Device for producing and processing semiconductor substrates

Abstract

The device for producing and processing silicon carbide semiconductor substrates at a high temperature has a susceptor, on which the semiconductor substrates rest, so that there is good thermal contact between the semiconductor substrates and the susceptor. To ensure that there is no contamination of the component during the production process, the surface of the susceptor is covered with cover plates each formed with a cutout for a semiconductor substrate. The surface of the susceptor is substantially completely covered by the cover plates and the semiconductor substrates.

Description

CROSS-REFERENCE TO RELATED APPLICATION

[0001] This application is a continuation of copending International Application No. PCT/DE99/02645, filed Aug. 24, 1999, which designated the United States.

BACKGROUND OF THE INVENTION

FIELD OF THE INVENTION

[0002] The invention lies in the field of semiconductor manufacture and relates, more specifically, to a device for producing and processing at least one semiconductor substrate at a high temperature using a susceptor, on which the at least one semiconductor substrate rests, so that there is good thermal contact between the semiconductor substrate and the susceptor. In this context, the processing involves in particular the coating of substrates. The invention also relates to the use of the device.

[0003] Silicon carbide (SiC) epitaxy is usually carried out at a high temperature, that is, at temperatures of over 1300° C. To achieve high growth rates of more than 4 &mgr;m/h, the epitaxy is also carried out at temperatures of more than 1450° C. The process atmosphere consists predominantly of hydrogen with additions of silicon-containing and carbon-containing gases, such as silane and propane. Under these process conditions, the selection of the materials situated in the hot area of the reactor is key to the production of SiC layers of sufficient purity, i.e. with a level of impurities which lies below 1015 cm−3.

[0004] With all materials which are used at high temperatures in the prior art (e.g. graphite, Mo, W, Ta, Nb), impurities such as aluminum, boron and titanium are released as gases (diffused out) at these temperatures. In the case of graphite, which is used as the classic high-temperature material, in addition to the gaseous evolution of aluminum, boron and titanium, reactions with the hydrogen atmosphere also take place, leading to the formation of hydrocarbon compounds. As a result, the carbon concentration in the process atmosphere and therefore also the growth conditions for the epitaxial layer are altered in a scarcely controllable manner. The impurities which are released from the graphite or the metals employed are incorporated in the epitaxial layer and likewise change the electrical properties thereof in an uncontrollable manner. Consequently, these layers often become unusable for the production of components or lead to a very low yield.

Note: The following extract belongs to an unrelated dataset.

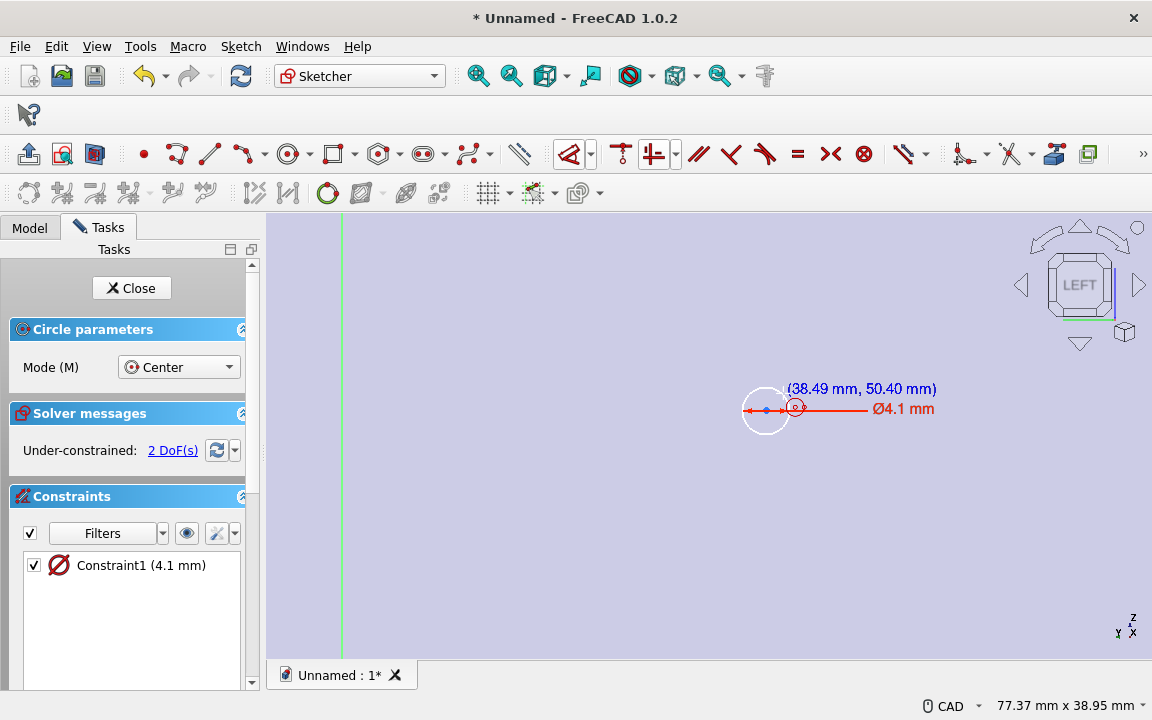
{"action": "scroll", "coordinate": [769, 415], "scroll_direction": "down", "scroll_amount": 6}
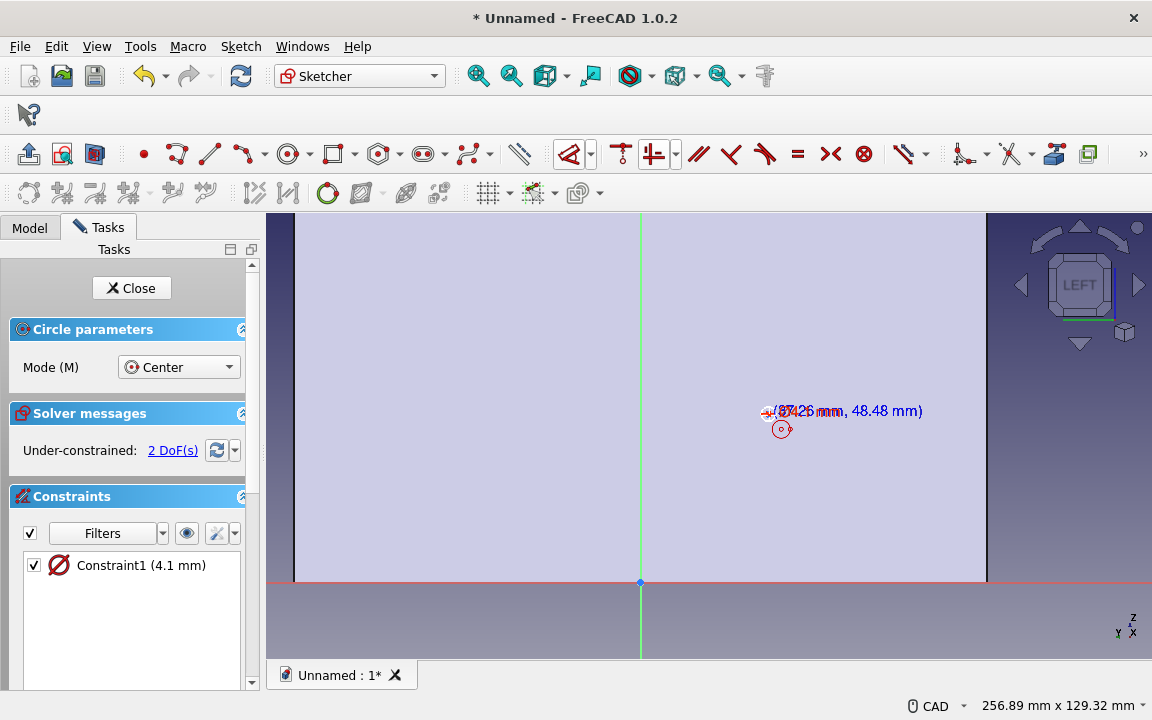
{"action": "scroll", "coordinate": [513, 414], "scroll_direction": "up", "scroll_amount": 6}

[0005] During the production and processing of SiC epitaxial layers, SiC substrates are positioned on a susceptor and are then coated, etched and, if appropriate, annealed etc. after implantation at elevated temperatures in a reactor. A device of this type for producing high-purity or specifically doped epitaxial SiC layers is described in U.S. Pat. No. 5,119,540 to Kong et al. The high purity of the epitaxial layers is achieved by the fact that the concentration of residual nitrogen in the environment of the substrate during the chemical vapor deposition (CVD) process is reduced. For this purpose, in the above-mentioned device, supports made from pure SiC are used for the substrates or wafers, i.e., pure SiC susceptors are used.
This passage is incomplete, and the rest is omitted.